▶ [Material shown]:
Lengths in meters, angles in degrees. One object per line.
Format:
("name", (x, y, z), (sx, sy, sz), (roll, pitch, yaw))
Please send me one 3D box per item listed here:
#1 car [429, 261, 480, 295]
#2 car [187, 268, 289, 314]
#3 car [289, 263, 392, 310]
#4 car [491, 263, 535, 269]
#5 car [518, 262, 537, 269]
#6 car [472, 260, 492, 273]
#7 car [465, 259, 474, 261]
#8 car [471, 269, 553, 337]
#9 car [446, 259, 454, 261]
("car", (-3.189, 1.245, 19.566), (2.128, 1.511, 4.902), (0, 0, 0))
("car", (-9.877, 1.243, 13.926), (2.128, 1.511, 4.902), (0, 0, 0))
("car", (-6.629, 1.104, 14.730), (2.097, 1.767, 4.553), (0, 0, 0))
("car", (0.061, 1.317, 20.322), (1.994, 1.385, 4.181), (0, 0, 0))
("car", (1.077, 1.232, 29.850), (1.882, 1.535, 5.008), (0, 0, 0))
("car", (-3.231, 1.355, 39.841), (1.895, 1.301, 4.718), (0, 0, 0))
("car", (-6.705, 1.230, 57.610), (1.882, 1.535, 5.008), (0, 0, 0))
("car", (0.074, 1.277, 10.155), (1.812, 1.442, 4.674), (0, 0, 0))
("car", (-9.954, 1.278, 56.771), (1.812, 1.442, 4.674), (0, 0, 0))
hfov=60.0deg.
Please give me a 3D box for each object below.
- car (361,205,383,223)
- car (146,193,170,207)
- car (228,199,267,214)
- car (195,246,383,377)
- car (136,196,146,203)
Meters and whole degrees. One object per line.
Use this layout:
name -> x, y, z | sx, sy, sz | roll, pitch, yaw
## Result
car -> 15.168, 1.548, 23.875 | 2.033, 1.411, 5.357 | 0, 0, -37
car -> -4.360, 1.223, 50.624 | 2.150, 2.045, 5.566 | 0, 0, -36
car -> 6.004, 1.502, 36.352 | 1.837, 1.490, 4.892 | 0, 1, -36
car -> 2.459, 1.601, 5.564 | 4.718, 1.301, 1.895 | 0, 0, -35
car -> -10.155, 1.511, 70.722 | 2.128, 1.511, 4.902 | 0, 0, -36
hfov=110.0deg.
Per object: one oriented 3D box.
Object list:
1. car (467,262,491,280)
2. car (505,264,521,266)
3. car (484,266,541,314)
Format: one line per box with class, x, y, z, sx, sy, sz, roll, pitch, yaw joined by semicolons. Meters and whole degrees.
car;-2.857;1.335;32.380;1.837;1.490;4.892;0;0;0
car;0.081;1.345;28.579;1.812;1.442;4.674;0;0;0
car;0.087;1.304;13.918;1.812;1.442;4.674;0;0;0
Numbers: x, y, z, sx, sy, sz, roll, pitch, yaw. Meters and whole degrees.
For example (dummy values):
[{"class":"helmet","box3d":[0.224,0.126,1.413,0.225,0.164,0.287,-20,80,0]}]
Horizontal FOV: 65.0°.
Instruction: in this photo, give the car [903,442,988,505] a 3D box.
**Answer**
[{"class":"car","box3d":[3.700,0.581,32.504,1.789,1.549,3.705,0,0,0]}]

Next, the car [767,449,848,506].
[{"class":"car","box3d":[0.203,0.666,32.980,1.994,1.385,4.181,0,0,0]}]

▶ [What is required]: Nothing but an exact copy of the lines from the start of the entries through the line containing "hfov=110.0deg." belongs in the response.

▶ [Output of the exercise]:
Lengths in meters, angles in degrees. One object per line.
Format:
("name", (x, y, z), (sx, sy, sz), (roll, pitch, yaw))
Please send me one 3D box per item listed here:
#1 car [429, 261, 480, 295]
#2 car [187, 268, 289, 314]
#3 car [289, 263, 392, 310]
#4 car [491, 263, 535, 269]
#5 car [518, 262, 537, 269]
#6 car [472, 260, 492, 273]
#7 car [465, 259, 474, 261]
#8 car [471, 269, 553, 337]
#9 car [446, 259, 454, 261]
("car", (-3.189, 1.245, 19.566), (2.128, 1.511, 4.902), (0, 0, 0))
("car", (-9.877, 1.243, 13.926), (2.128, 1.511, 4.902), (0, 0, 0))
("car", (-6.629, 1.104, 14.730), (2.097, 1.767, 4.553), (0, 0, 0))
("car", (0.061, 1.317, 20.322), (1.994, 1.385, 4.181), (0, 0, 0))
("car", (1.077, 1.232, 29.850), (1.882, 1.535, 5.008), (0, 0, 0))
("car", (-3.231, 1.355, 39.841), (1.895, 1.301, 4.718), (0, 0, 0))
("car", (-6.705, 1.230, 57.610), (1.882, 1.535, 5.008), (0, 0, 0))
("car", (0.074, 1.277, 10.155), (1.812, 1.442, 4.674), (0, 0, 0))
("car", (-9.954, 1.278, 56.771), (1.812, 1.442, 4.674), (0, 0, 0))
hfov=60.0deg.
Please give me a 3D box for each object below.
- car (361,205,383,223)
- car (146,193,170,207)
- car (228,199,267,214)
- car (195,246,383,377)
- car (136,196,146,203)
Meters and whole degrees. One object per line.
Use this layout:
name -> x, y, z | sx, sy, sz | roll, pitch, yaw
## Result
car -> 15.168, 1.548, 23.875 | 2.033, 1.411, 5.357 | 0, 0, -37
car -> -4.360, 1.223, 50.624 | 2.150, 2.045, 5.566 | 0, 0, -36
car -> 6.004, 1.502, 36.352 | 1.837, 1.490, 4.892 | 0, 1, -36
car -> 2.459, 1.601, 5.564 | 4.718, 1.301, 1.895 | 0, 0, -35
car -> -10.155, 1.511, 70.722 | 2.128, 1.511, 4.902 | 0, 0, -36
hfov=110.0deg.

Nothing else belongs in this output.